Marketers are recognising the spillover effect of the F1 and cashing in on it.

“Clearly, marketers are looking beyond the gains the F1 brings in terms of tourist receipts, and leveraging the event to boost local expenditure as well. So while it’s difficult to say whether there could ever be enough being done, marketers are certainly making a valiant effort,” Young added.

According to Sojern’s data, there is a significant spike in people travelling in on the Friday of race week. As such, hotels can leverage on this data to anticipate a potential over-capacity problem during the weekend, and draw up plans to spread out the demand across the preceding days with initiatives such as targeted promotions. This reduces the risk of losing potential customers.

“Travel brands that notice people searching for more than one destination beyond Singapore need to think more on how they can market to these people. Instead of simply drawing them to Singapore, target them with specific ads and promotions related to these other destinations they have been searching for,” Young added.
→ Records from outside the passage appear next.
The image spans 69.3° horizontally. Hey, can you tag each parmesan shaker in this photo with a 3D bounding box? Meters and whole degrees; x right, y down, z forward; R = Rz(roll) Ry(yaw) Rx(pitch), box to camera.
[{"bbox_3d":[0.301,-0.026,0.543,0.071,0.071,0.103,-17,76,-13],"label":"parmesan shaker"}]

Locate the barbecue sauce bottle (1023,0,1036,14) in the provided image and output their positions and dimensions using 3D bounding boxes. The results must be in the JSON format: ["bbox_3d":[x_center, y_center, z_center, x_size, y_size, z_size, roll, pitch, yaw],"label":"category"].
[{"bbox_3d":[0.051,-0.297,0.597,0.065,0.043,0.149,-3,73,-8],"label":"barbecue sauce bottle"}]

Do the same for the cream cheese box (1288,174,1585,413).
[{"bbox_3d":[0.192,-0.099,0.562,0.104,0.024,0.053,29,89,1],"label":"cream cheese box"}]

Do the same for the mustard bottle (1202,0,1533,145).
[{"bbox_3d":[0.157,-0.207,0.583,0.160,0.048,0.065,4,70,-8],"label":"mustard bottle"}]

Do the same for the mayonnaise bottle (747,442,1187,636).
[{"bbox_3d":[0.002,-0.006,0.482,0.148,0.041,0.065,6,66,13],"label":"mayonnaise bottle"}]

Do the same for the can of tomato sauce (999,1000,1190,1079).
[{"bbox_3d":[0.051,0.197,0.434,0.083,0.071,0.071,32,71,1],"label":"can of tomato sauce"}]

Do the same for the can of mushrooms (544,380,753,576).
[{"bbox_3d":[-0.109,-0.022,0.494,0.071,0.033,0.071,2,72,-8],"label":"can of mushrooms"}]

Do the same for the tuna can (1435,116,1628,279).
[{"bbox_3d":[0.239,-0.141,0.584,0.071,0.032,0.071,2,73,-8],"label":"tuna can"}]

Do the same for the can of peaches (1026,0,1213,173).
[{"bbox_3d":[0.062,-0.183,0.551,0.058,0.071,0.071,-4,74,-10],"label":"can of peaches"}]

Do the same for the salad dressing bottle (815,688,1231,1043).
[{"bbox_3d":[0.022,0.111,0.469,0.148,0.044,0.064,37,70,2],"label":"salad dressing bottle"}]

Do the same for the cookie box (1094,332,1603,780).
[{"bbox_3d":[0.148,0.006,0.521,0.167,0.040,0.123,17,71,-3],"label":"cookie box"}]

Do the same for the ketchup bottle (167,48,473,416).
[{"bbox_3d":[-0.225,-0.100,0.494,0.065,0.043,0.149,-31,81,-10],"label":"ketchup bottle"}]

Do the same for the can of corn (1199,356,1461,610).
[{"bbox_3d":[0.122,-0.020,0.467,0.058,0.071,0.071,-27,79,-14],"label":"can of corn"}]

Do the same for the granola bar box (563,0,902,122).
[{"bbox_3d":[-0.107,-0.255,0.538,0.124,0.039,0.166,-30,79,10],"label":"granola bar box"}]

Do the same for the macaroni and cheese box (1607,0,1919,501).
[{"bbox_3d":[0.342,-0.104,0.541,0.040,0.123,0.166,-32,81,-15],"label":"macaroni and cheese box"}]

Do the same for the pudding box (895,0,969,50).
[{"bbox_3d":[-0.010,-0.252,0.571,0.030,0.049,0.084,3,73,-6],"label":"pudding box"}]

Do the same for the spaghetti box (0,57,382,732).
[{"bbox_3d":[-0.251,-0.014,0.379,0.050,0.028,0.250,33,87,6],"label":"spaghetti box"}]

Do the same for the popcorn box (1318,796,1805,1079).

He added that retailers and those operating in the food and beverage industry are kicking into overdrive too. As such, many bars are extending their hours and promoting specially crafted cocktails, and shopping malls are creating photo opportunities with life-sized racing car replicas.

Besides using data to effectively target consumers across multiple media channels, creating compelling offers that offer consumers with a memorable or unique experience is still key, he added. While there have been creative, attention-grabbing initiatives such as Grand Prix-related art, pop-up experiences and F1 simulators, Young said that at the end of the day, “it’s the marketers who demonstrate a keen understanding of their audience who win”.

When to start marketing?

According to Sojern’s data, the Oceania region is a consistently strong source market, with the travel intent of tourists in the region increasing from 47% last year’s race week to 52% this year.

The top source markets for the F1 weekend are Australia, Japan, the UK and US. As the UK and US are further away from Singapore, Young advises brands to start their marketing earlier. While most begin three months before the event, he said brands can consider starting as early as six to eight months in advance.

“At the same time, cultural factors, such as a proclivity for last-minute bookings, could play a role, which would then mean brands should intensify their efforts in the later stages of the purchase funnel,” Young added.

Meanwhile, STB is also collaborating with iconic Singaporean night club Zouk. Zouk told Marketing it is gearing up for the race by bringing the F1 experience into Zouk for the entire weekend with star-studded names.

Zouk’s spokesperson said brands should start their marketing three to four weeks prior to the Singapore F1 Grand Prix, with a strong build up towards the final two weeks. As for the nightclub, it aims to capitalise on its strength as an iconic institution and “merge that with providing [its] guests with the glitz and glamour of F1”.

Currently, the STB is working with existing and new GPSS stakeholders such as CE LA VI, 1-Altitude, Singapore Art Museum, Peranakan restaurant Blue Ginger and local lifestyle retailer NAIISE, to provide a variety of special experiences and promotions.